パリで開催中の若手を集めたショールーム「デザイナーズ アパートメント」で、ひと際目を引いたブランドがあります。パリをベースに活動する松重健太さん(29歳)によるブランド「ケンタ マツシゲ(KENTA MATSUSHIGE)」です。2015-16年秋冬にデビューし、今回が4シーズン目。主張するデザインではないけれど、ユニークなディテールを加えることで強さが宿るコレクションを見せていました。
「フランスで学んだ立体裁断を生かしながら、着物の落ち感をインスピレーション源にデザインしている」と松重さん。袖を通すと、重心が少し後ろにあったり、布の落ち感が面白いデザインだったりと、着物を着た時のたるみと緊張感を感じることができます。今シーズンはアイテムのバリエーションが増え、初のニットウエアも並びました。リブがランダムに配されたニットは、ポコポコとした質感が特徴です。
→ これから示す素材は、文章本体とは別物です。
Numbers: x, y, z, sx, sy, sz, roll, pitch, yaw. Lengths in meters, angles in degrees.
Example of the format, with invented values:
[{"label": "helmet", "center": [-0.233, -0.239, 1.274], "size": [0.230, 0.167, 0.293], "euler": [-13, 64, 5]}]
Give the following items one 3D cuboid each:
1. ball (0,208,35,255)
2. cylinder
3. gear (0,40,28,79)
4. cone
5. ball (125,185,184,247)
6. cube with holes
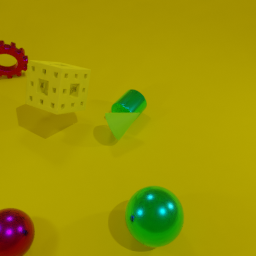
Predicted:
[{"label": "ball", "center": [-2.572, 2.281, 5.976], "size": [1.114, 1.114, 1.114], "euler": [0, 47, 0]}, {"label": "cylinder", "center": [0.036, -0.666, 8.931], "size": [0.851, 0.851, 0.851], "euler": [26, 52, 22]}, {"label": "gear", "center": [-4.405, -2.439, 10.104], "size": [1.508, 1.508, 0.279], "euler": [-10, 56, -9]}, {"label": "cone", "center": [-0.060, -0.238, 8.223], "size": [0.909, 0.906, 0.906], "euler": [-26, 48, 8]}, {"label": "ball", "center": [0.579, 1.927, 6.169], "size": [1.296, 1.296, 1.296], "euler": [0, 47, 0]}, {"label": "cube with holes", "center": [-2.026, -1.208, 8.144], "size": [1.241, 1.241, 1.241], "euler": [18, 17, 26]}]
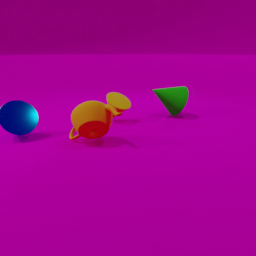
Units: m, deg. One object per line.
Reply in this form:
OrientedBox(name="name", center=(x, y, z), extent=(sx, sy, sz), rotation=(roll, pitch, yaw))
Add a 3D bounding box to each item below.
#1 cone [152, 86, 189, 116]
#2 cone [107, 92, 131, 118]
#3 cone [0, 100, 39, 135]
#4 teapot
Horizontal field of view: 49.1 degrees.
OrientedBox(name="cone", center=(1.304, -1.120, 9.680), extent=(1.110, 1.106, 1.106), rotation=(20, 9, -22))
OrientedBox(name="cone", center=(-0.451, -0.585, 9.214), extent=(0.844, 0.847, 0.844), rotation=(18, 38, -15))
OrientedBox(name="cone", center=(-3.097, -0.092, 7.777), extent=(1.013, 1.013, 1.017), rotation=(-11, -17, -32))
OrientedBox(name="teapot", center=(-0.844, -0.162, 7.048), extent=(1.705, 0.835, 1.060), rotation=(-29, -39, 24))
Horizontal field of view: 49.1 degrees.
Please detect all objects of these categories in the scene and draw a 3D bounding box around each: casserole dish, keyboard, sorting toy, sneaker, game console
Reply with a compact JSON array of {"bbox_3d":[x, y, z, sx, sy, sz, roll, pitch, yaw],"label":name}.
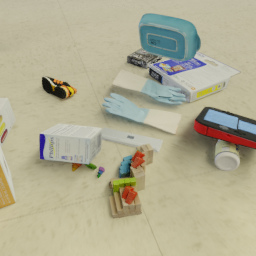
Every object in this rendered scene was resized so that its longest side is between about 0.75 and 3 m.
[{"bbox_3d":[1.414,-3.392,10.713,2.742,1.661,0.532,25,56,29],"label":"casserole dish"},{"bbox_3d":[0.060,0.372,9.352,2.136,0.114,0.601,12,35,15],"label":"keyboard"},{"bbox_3d":[-1.216,1.206,8.179,1.108,0.384,0.382,15,64,21],"label":"sorting toy"},{"bbox_3d":[-2.862,-1.702,11.628,1.721,0.602,0.774,30,32,31],"label":"sneaker"},{"bbox_3d":[3.430,-0.060,8.921,2.381,0.418,2.692,15,20,19],"label":"game console"}]

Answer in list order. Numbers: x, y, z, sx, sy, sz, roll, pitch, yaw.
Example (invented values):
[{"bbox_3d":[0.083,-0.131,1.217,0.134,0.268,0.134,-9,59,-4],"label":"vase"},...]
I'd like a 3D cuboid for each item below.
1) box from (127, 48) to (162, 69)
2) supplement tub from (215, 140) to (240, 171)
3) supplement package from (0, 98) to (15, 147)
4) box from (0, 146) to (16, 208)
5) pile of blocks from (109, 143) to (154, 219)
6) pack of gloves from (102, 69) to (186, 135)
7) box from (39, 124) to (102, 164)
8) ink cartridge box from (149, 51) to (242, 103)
[{"bbox_3d":[0.853,-3.532,13.981,1.188,0.375,1.506,24,44,27],"label":"box"},{"bbox_3d":[2.977,0.736,8.396,0.692,0.692,0.955,11,40,13],"label":"supplement tub"},{"bbox_3d":[-4.552,-0.087,9.163,0.980,1.018,1.789,-1,40,1],"label":"supplement package"},{"bbox_3d":[-4.344,1.355,6.878,2.587,1.609,1.261,-16,42,-20],"label":"box"},{"bbox_3d":[0.061,1.194,7.734,1.066,0.807,2.597,8,39,10],"label":"pile of blocks"},{"bbox_3d":[0.640,-0.938,10.673,2.947,0.581,2.476,19,48,9],"label":"pack of gloves"},{"bbox_3d":[-1.656,0.436,8.335,1.490,0.782,1.370,6,13,7],"label":"box"},{"bbox_3d":[2.875,-2.375,12.362,2.866,0.674,2.833,-19,41,-25],"label":"ink cartridge box"}]
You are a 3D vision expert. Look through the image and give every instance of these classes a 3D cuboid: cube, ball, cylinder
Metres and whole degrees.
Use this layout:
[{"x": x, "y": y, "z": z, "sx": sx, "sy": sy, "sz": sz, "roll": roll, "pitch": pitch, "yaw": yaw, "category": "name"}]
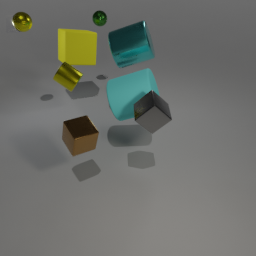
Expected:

卸価格は、ヨーロッパ生産のウールのボンディングコートが440〜550ユーロ(約5万1920〜6万4900円)、日本生産のトレンチコートが355ユーロ(約4万1890円)、日本生産のジャンパーが280ユーロ(約3万3040円)、日本生産のジャージー×ウールのドレスが285ユーロ(約3万3630円)、日本生産のキモノスリーブのドレス180ユーロ(約2万2140円)、ヨーロッパ生産のシャツが95ユーロ(約1万1210円)、中国製のニット85〜100ユーロ(約1万30〜1万1800円)など。生産拠点はさまざまだそうです。「どこどこ製にこだわるのではなく、アイテムにふさわしい場所で生産できたら」と松重さん。
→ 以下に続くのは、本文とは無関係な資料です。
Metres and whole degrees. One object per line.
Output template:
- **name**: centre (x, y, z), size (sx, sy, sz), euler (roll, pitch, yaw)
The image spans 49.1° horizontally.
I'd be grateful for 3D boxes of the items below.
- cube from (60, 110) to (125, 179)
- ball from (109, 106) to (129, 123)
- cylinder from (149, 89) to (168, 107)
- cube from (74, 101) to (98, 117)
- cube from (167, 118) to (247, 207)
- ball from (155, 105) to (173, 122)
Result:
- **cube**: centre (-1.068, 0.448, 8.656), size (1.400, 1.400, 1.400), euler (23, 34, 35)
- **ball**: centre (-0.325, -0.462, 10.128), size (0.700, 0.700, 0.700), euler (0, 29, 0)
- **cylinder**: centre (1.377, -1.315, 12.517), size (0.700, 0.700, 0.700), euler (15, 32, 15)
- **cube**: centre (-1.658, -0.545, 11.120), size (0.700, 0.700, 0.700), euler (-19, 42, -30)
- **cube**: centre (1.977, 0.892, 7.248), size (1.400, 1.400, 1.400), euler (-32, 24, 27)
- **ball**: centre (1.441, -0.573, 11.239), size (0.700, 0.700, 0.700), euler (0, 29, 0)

「建築もインスピレーション源の一つ。例えば、直島の安藤忠雄による建築は、地形を生かし、自然を引き立たせている。そういった控えめで穏やかでも強さのあるモノ作りに惹かれる。そんな服を提案したい」そうです。この話を聞いて合点がいきました。
ファストファッションが溢れ、飽きられないように“SEE NOW, BUY NOW”の手法が登場した中で、今シーズンのパリコレを取材していて改めて感じたのは、半年前のものが古く感じる洋服ももちろんあっていいけど、着る人の個性を引き立たせてくれるしなやかさのあるモノは強いなと強く感じたからです。きっかけは「ドリス ヴァン ノッテン(DRIES VAN NOTEN)」のショーでした。そして、もう一つのキーワードはドラマチック。こちらについては近々紹介しようと思います。